Basileus of the Antigonid Empire
- Reign: 306–301 BC
- Coronation: 306 BC, Antigoneia
- Predecessor: Alexander IV
- Successor: Demetrius I
- Born: 382 BC Macedonia
- Died: 301 BC (aged 80–81) Ipsus, Phrygia (modern-day Çayırbağ, Afyonkarahisar, Turkey)
- Consort: Stratonice
- Issue: Demetrius I; Philip;
- Dynasty: Antigonid dynasty
- Father: Philip
- Conflicts: Wars of Philip II of Macedon Siege of Perinthus; ; Wars of Alexander the Great; First War of the Diadochi Battle of Orkynia; Battle of Cretopolis; ; Second War of the Diadochi Battle of Byzantium; Battle of Paraitakene; Battle of Gabiene; ; Third War of the Diadochi; Fourth War of the Diadochi Battle of Ipsus †; ;

= Antigonus I Monophthalmus =

Macedonian general, founder of Antigonid dynasty (382–301 BC)
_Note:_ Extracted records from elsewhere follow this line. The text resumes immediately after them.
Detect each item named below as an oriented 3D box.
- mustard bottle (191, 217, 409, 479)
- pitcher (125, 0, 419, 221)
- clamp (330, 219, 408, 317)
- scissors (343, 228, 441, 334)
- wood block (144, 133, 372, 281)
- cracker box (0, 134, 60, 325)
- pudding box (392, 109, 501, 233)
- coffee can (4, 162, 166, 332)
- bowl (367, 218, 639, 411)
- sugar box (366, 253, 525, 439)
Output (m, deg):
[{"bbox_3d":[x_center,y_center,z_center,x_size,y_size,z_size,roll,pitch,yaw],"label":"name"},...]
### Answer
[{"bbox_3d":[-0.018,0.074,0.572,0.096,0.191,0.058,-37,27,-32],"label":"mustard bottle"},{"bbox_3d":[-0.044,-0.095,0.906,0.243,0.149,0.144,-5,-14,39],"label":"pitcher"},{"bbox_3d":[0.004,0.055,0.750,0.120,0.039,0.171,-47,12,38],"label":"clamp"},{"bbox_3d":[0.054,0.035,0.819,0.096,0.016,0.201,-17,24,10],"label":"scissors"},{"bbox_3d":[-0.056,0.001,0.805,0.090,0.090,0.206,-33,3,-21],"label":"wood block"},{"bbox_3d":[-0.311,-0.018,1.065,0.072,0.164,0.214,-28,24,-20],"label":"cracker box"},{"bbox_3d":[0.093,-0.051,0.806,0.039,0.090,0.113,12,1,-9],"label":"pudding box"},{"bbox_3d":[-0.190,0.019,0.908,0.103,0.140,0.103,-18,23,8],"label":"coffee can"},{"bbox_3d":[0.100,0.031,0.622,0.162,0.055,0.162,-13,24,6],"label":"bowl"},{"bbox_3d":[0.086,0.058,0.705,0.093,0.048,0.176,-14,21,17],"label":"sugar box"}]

Antigonus I Monophthalmus (Ἀντίγονος Μονόφθαλμος Antigonos Monophthalmos, "Antigonus the One-Eyed"; 382–301 BC) was a Macedonian Greek general and successor of Alexander the Great who founded the Antigonid dynasty, which ruled over Macedonia until its conquest by the Roman Republic in 168 BC. A prominent military leader in Alexander's army, he went on to control large parts of Alexander's former empire. He assumed the title of basileus (king) in 306 BC and reigned until his death.
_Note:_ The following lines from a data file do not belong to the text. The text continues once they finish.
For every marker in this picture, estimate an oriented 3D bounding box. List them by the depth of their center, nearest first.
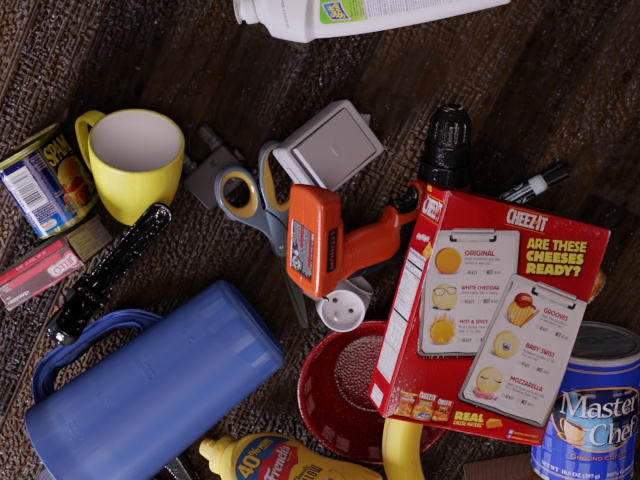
[{"bbox_3d":[0.192,-0.043,1.051,0.121,0.020,0.020,-30,103,11],"label":"marker"}]

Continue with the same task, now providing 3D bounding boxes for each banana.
[{"bbox_3d":[0.096,0.186,1.060,0.069,0.037,0.198,-4,109,-15],"label":"banana"}]

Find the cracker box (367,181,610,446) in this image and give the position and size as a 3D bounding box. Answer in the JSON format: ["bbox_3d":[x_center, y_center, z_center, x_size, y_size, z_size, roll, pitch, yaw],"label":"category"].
[{"bbox_3d":[0.151,0.068,0.982,0.164,0.072,0.214,13,99,-15],"label":"cracker box"}]

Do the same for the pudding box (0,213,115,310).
[{"bbox_3d":[-0.259,0.019,1.042,0.090,0.113,0.039,-29,100,11],"label":"pudding box"}]

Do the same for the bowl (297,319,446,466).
[{"bbox_3d":[0.058,0.147,1.096,0.162,0.055,0.162,1,107,2],"label":"bowl"}]

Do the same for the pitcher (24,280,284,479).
[{"bbox_3d":[-0.165,0.142,1.060,0.243,0.145,0.149,-38,110,-1],"label":"pitcher"}]

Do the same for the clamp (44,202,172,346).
[{"bbox_3d":[-0.226,0.058,1.022,0.036,0.164,0.210,41,143,-9],"label":"clamp"}]

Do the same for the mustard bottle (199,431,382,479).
[{"bbox_3d":[-0.040,0.243,1.079,0.192,0.096,0.058,18,132,25],"label":"mustard bottle"}]

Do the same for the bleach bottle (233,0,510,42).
[{"bbox_3d":[0.043,-0.243,0.975,0.251,0.068,0.102,-9,106,8],"label":"bleach bottle"}]

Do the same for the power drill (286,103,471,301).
[{"bbox_3d":[0.062,-0.029,0.993,0.187,0.057,0.184,-12,119,-31],"label":"power drill"}]

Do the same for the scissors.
[{"bbox_3d":[-0.057,0.001,1.062,0.096,0.016,0.202,-8,109,-24],"label":"scissors"}]

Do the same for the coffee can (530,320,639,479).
[{"bbox_3d":[0.266,0.163,1.067,0.103,0.103,0.140,0,107,2],"label":"coffee can"}]

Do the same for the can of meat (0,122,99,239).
[{"bbox_3d":[-0.261,-0.057,1.026,0.057,0.102,0.084,-27,106,11],"label":"can of meat"}]

Antigonus likely served under Philip II of Macedon. He took part in Alexander's invasion of Achaemenid Persia and was named satrap of Phrygia. After Alexander's death in 323 BC, he also received Pamphylia and Lycia in accordance with the Partition of Babylon. However, he later incurred the enmity of Perdiccas, the regent of Alexander's empire, and was driven from Phrygia. He fled to Greece and formed an alliance with Antipater, later joined by Ptolemy, against Perdiccas. Perdiccas was murdered by his own officers in 320 BC, and Antipater was elected the new regent.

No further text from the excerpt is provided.